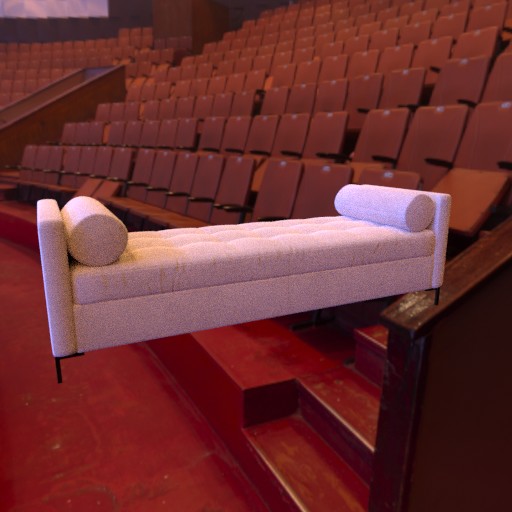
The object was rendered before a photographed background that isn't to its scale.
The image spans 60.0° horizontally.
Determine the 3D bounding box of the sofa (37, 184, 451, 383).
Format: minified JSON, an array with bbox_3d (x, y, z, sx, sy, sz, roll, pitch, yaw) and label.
[{"bbox_3d":[0.000,0.000,2.292,1.981,0.635,0.686,-7,15,-25],"label":"sofa"}]
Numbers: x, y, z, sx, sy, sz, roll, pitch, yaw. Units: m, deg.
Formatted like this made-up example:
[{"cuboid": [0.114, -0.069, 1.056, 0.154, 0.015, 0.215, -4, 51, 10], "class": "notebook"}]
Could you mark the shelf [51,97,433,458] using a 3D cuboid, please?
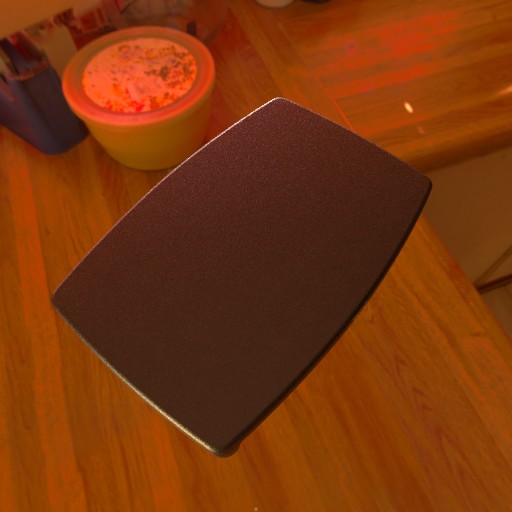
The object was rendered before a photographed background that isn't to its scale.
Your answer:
[{"cuboid": [0.000, 0.000, 0.537, 0.280, 0.100, 0.410, 35, 66, 18], "class": "shelf"}]

• **Exercise details**
Lines from the one containing "Format: minified JSON, an" through the end of the listing, both included, are to be restated exactly, and pictures are to be left out.

• **Worked solution**
Format: minified JSON, an array with bbox_3d (x, y, z, sx, sy, sz, roll, pitch, yaw) and label.
[{"bbox_3d":[0.000,0.000,2.292,1.981,0.635,0.686,-7,15,-25],"label":"sofa"}]
Numbers: x, y, z, sx, sy, sz, roll, pitch, yaw. Units: m, deg.
Formatted like this made-up example:
[{"cuboid": [0.114, -0.069, 1.056, 0.154, 0.015, 0.215, -4, 51, 10], "class": "notebook"}]
Could you mark the shelf [51,97,433,458] using a 3D cuboid, please?
The object was rendered before a photographed background that isn't to its scale.
Your answer:
[{"cuboid": [0.000, 0.000, 0.537, 0.280, 0.100, 0.410, 35, 66, 18], "class": "shelf"}]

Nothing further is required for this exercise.